While psyced provides for decentralized social networking via federation, PSYC2 aims for distributed social networking with agnostic relays rather than servers. The reasons for such a choice are both the privacy and scalability properties of a distributed solution.

Since PSYC is about people and communication it provides friendship and trust modelling. Since 2003 we have been researching the idea of decentralized social networking with activity streams, friendcasting and a distributed social graph. To achieve functionality people expect from Facebook, Xing or Myspace, but without the loss of privacy and control.

By now there are dozens of projects in the field of federated social networking that now do it like we started in 2003, but we have grown to believe federation over servers is the wrong architecture for data as private as this and server-based tools will never convince people to stop using Faceboogle, that's why with PSYC2 we are digging into distributed architectures, pseudonymous routing and launched a project called secushare.

But if you want to discover the social features of psyced here and now, keep reading.

psyced friend of friend surfing

Friendsnets functions in PSYC1: We have a web-based profile view.

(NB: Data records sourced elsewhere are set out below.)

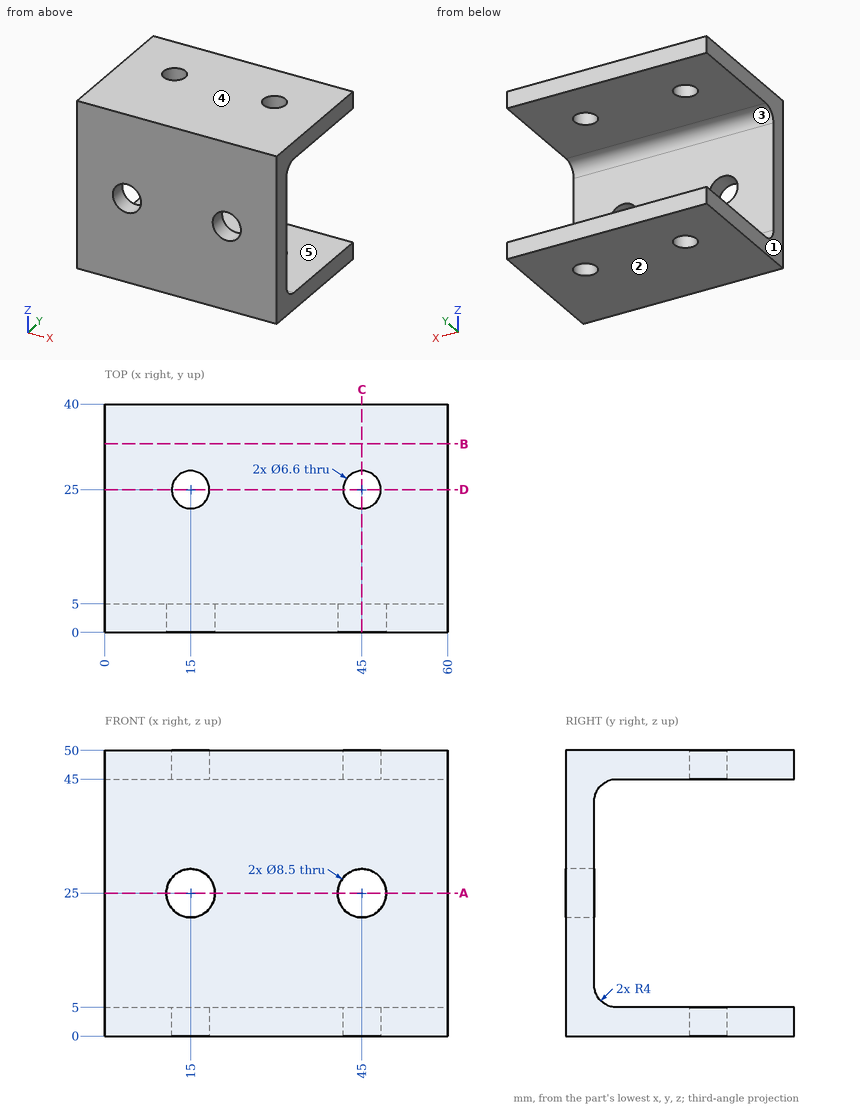
Here's the drawing with two shaded views (mm, measured from the low corner). I have some questions. A direction names the side the tool comes from. Give positions to 0.01 mm unless a question says otherwise; leave off trailing zeros. Order: outer loops, then holes, each group sorted by start corner. A loop starts at its lowest first (then second) coordinate and runs counter-clockwise, first axis right, second up. Notation, with made-up numbers: (70, 66.25) -> (109, 66.25) arc R19 ccw to (109, 90.25) -> close; hole circle Ø8 at (19, 22). An arc over 180 degrees is marked (long way). One line per item, written item: value. Start each with the question number.
1. Will these pins go through, and if not, where does the flat tip stop? pin 1 Ø1 at (x, y) = (51.5, 24) entering from -Z; pin 2 Ø1 at (x, z) = (47, 18) entering from +Y.
2. Imagine slicing it at D-D, the plane y = 25. List the corners of the cut face in (x, z) for me, plus the area to 3 significant figures.
3. Imagine slicing it at A-A, the plane z = 25. List the corners of the cut face in (x, y) for me.
4. Imagine slicing it at C-C, the plane x = 45. List the corners of the cut face in (y, z) for me, plus the area to 3 significant figures.
5. I need wall thicknesses on probe 1 along X at (y, z) = (1, 25); probe 2 along Z at (x, y) = (52.5, 24); probe 3 along Y at (x, z) = (15, 3). Which ranges of each line are inside material? Lowest first, please. Write a range as from..to.
6. Imagine slicing it at B-B, the plane y = 33. List the corners of the cut face in (x, z) for me, plus the area to 3 significant figures.
7. We'd pull the mould along Z, two halves only. Please class the marked faces 1, 2 and 3: released by +Z, released by -Z, zero draft, split by the parting line, or undercut.
8. For the marked faces 4 and 5, which set-ups out of +Z, -Z, +X, -X, +Y, -Y let a thin tool reach every point of the face, with its end or its side?
Values follow:
1. pin 1: stops at z = 0
1. pin 2: stops at y = 5
2. outline: (0, 0) -> (11.7, 0) -> (11.7, 5) -> (0, 5) -> close; (0, 45) -> (11.7, 45) -> (11.7, 50) -> (0, 50) -> close; (18.3, 0) -> (41.7, 0) -> (41.7, 5) -> (18.3, 5) -> close; (18.3, 45) -> (41.7, 45) -> (41.7, 50) -> (18.3, 50) -> close; (48.3, 0) -> (60, 0) -> (60, 5) -> (48.3, 5) -> close; (48.3, 45) -> (60, 45) -> (60, 50) -> (48.3, 50) -> close
2. area: 468 mm2
3. outline: (0, 0) -> (10.75, 0) -> (10.75, 5) -> (0, 5) -> close; (19.25, 0) -> (40.75, 0) -> (40.75, 5) -> (19.25, 5) -> close; (49.25, 0) -> (60, 0) -> (60, 5) -> (49.25, 5) -> close
4. outline: (0, 0) -> (21.7, 0) -> (21.7, 5) -> (9, 5) arc R4 cw to (5, 9) -> (5, 20.75) -> (0, 20.75) -> close; (0, 29.25) -> (5, 29.25) -> (5, 41) arc R4 cw to (9, 45) -> (21.7, 45) -> (21.7, 50) -> (0, 50) -> close; (28.3, 0) -> (40, 0) -> (40, 5) -> (28.3, 5) -> close; (28.3, 45) -> (40, 45) -> (40, 50) -> (28.3, 50) -> close
4. area: 498 mm2
5. probe 1: x = 0..10.75, 19.25..40.75, 49.25..60
5. probe 2: z = 0..5, 45..50
5. probe 3: y = 0..21.7, 28.3..40
6. outline: (0, 0) -> (60, 0) -> (60, 5) -> (0, 5) -> close; (0, 45) -> (60, 45) -> (60, 50) -> (0, 50) -> close
6. area: 600 mm2
7. face 1: zero draft
7. face 2: released by -Z
7. face 3: undercut
8. face 4: +Z, +X, -X, +Y, -Y
8. face 5: +X, -X, +Y

It allows you to surf along your social network of friends and friends of friends without ever leaving the built-in web server of your home server, because the profiles are transferred by the PSYC protocol.

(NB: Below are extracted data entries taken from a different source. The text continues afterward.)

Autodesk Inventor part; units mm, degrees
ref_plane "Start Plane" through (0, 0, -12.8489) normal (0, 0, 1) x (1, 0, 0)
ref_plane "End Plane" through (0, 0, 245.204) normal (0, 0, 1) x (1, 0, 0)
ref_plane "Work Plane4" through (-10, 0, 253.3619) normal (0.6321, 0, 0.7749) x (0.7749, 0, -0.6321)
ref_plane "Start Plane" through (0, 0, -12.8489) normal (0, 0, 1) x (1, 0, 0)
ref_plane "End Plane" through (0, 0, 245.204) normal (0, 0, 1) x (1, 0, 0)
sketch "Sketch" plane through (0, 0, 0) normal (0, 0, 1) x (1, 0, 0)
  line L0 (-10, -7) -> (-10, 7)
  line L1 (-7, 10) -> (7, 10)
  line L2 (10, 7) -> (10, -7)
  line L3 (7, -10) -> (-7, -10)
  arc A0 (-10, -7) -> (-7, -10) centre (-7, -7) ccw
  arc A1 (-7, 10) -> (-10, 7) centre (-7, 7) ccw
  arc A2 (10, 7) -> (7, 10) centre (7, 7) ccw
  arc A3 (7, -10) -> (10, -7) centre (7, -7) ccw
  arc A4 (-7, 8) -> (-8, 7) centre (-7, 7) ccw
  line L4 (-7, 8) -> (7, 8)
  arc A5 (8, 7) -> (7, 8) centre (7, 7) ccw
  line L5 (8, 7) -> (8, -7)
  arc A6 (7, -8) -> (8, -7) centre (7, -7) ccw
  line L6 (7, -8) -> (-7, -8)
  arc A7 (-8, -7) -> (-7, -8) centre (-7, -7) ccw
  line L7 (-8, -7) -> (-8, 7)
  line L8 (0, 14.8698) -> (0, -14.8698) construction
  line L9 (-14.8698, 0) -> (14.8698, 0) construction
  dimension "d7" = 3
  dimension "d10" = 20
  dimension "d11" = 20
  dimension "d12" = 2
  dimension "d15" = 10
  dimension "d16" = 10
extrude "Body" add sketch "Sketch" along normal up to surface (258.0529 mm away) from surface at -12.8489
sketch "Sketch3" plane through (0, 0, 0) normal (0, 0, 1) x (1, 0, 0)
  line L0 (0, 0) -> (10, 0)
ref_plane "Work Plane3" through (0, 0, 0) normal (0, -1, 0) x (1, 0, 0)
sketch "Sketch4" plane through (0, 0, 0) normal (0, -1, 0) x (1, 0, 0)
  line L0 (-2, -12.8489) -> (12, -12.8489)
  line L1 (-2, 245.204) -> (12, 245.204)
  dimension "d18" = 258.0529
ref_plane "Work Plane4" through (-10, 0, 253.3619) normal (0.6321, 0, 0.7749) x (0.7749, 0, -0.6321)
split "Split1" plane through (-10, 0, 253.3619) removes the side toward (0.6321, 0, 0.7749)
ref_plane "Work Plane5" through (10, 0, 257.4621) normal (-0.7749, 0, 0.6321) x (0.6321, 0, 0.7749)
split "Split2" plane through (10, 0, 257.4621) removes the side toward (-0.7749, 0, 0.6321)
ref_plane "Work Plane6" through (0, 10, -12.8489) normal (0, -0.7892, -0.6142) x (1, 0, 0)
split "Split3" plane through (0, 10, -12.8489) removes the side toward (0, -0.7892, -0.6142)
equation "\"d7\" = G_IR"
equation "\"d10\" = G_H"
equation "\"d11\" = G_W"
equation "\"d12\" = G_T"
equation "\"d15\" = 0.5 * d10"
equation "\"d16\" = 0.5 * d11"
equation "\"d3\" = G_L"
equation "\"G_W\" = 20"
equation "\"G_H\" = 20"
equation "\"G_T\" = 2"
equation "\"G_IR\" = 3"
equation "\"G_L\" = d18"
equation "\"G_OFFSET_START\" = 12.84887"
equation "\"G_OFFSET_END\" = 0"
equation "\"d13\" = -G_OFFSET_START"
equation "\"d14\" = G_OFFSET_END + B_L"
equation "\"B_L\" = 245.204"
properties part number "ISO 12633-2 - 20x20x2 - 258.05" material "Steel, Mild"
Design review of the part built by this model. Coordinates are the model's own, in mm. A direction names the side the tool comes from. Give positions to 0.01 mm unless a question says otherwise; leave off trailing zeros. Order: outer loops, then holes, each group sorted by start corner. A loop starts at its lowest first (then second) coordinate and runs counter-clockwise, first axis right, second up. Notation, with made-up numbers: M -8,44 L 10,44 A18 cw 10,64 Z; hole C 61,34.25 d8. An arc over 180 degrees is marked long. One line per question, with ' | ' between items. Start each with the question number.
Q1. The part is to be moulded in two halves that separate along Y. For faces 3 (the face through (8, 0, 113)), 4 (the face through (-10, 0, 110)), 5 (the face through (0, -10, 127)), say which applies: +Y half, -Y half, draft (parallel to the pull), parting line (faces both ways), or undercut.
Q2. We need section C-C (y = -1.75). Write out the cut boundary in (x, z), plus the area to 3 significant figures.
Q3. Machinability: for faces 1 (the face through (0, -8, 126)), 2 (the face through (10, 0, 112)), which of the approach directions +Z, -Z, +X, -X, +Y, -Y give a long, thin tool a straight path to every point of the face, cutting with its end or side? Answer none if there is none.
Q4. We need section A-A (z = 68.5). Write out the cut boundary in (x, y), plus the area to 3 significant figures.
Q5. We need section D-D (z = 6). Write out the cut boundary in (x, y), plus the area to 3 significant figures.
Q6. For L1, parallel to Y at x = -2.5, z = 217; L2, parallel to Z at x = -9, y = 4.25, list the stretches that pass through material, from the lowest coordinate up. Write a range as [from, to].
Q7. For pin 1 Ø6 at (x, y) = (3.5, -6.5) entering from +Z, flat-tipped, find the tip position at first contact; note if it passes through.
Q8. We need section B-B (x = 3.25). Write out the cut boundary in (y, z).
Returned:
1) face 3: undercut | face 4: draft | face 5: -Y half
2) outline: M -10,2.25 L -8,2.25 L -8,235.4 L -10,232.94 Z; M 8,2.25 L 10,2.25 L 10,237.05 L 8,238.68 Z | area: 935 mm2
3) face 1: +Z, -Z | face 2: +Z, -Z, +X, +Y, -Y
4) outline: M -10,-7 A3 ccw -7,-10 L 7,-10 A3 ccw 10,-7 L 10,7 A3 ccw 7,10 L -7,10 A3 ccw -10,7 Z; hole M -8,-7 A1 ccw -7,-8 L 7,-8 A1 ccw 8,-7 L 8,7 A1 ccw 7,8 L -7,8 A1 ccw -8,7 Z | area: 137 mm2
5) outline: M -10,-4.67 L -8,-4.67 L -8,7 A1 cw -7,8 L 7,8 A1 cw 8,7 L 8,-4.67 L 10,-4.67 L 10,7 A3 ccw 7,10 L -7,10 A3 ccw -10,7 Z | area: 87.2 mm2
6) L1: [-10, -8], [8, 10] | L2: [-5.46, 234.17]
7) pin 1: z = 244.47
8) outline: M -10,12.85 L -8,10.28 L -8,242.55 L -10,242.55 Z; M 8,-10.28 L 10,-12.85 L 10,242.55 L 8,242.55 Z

Unless you have a native PSYC client that enables you to just click on psyc: uniforms, you need to issue /surf in order to actually see your own and your friends' pages, then follow the link. This only works if you have the web server enabled in your psyced. (There's also the /login command which will generate a new token to make sure older surf sessions are obsoleted.)

The server also allows people a public view of your profile using the home server's https: or http: address and ~nickname as the path, but the public view will hardly grant information to anonymous people and search engines.

You can expose your friends in your profile, but still control it the way you want it, using the new commands /expose, /trust, /set friendsexpose and /set groupsexpose. Specify who gets to see what, if you want.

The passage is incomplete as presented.